◆ WHAT THE TASK ASKS
Work out how many lines in the following entries contain the string "objects", and write only that number.

Start of EXERCISE DATA

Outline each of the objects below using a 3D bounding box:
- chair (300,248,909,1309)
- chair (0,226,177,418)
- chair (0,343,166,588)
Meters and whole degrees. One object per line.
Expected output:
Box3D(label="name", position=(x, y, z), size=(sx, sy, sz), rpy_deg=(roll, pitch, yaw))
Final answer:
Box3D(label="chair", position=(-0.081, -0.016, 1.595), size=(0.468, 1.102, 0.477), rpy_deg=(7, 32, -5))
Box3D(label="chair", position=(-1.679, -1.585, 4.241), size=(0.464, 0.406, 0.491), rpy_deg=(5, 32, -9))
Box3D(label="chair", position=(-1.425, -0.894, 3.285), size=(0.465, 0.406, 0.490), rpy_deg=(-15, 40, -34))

End of EXERCISE DATA
Start of EXERCISE DATA

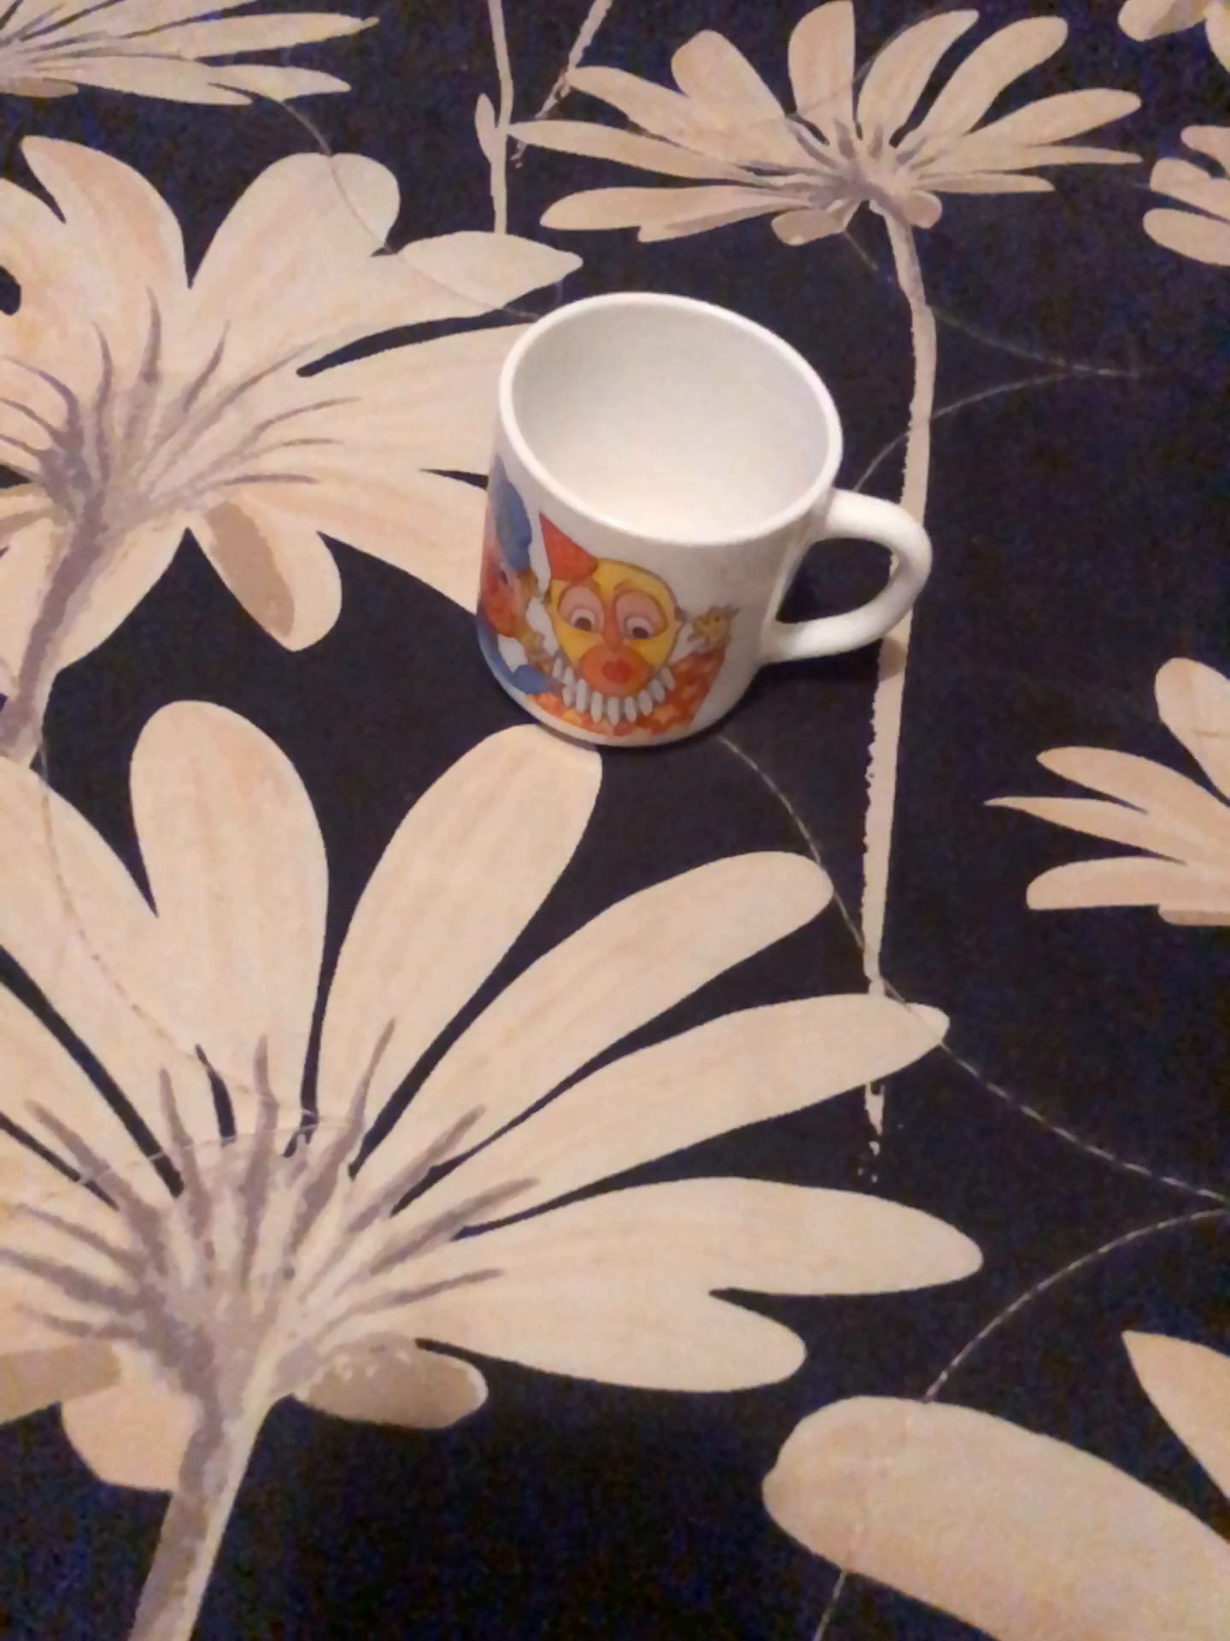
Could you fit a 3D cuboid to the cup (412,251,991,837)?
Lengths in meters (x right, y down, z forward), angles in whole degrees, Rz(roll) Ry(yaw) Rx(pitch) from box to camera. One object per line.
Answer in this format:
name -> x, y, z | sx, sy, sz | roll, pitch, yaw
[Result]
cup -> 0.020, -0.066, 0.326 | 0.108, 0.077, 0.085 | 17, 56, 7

End of EXERCISE DATA
Start of EXERCISE DATA

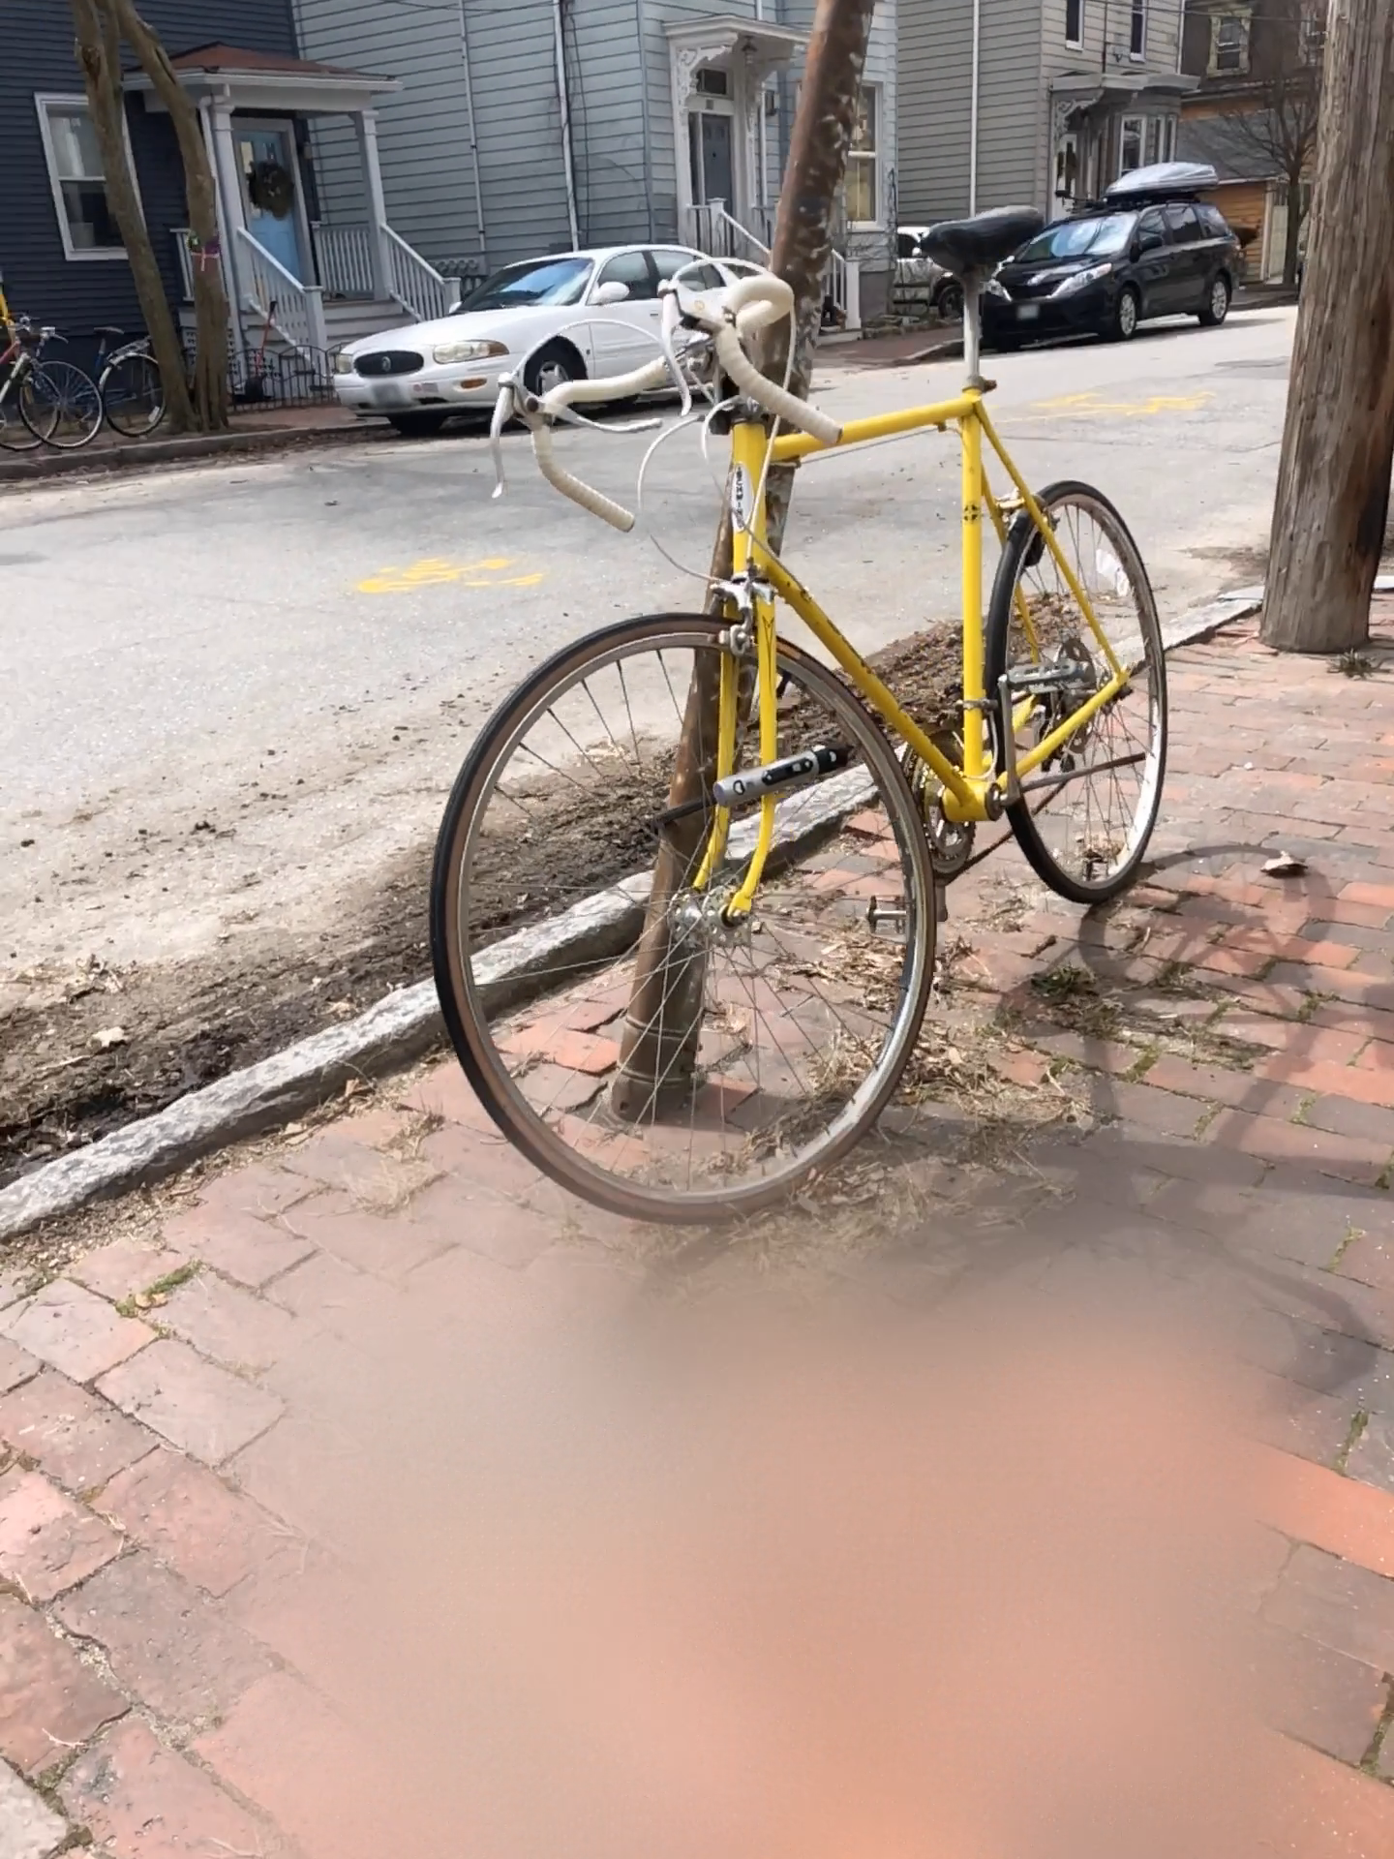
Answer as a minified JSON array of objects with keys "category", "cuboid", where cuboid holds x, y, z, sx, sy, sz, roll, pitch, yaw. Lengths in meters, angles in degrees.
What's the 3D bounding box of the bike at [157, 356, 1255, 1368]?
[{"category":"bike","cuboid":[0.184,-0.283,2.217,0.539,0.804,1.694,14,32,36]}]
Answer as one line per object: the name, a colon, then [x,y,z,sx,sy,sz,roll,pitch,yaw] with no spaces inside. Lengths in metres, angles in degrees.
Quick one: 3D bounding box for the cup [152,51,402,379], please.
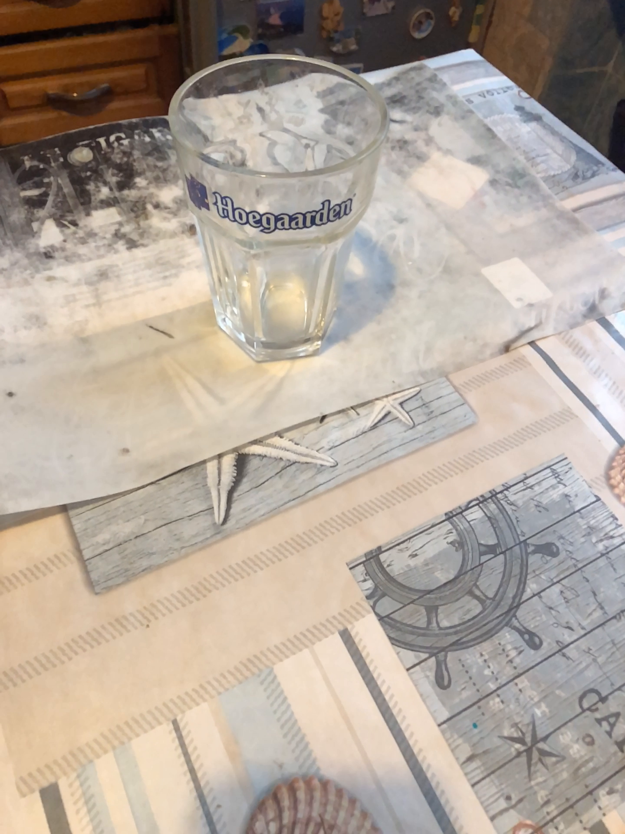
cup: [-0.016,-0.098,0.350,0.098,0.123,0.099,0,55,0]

End of EXERCISE DATA

◆ YOUR SOLUTION
2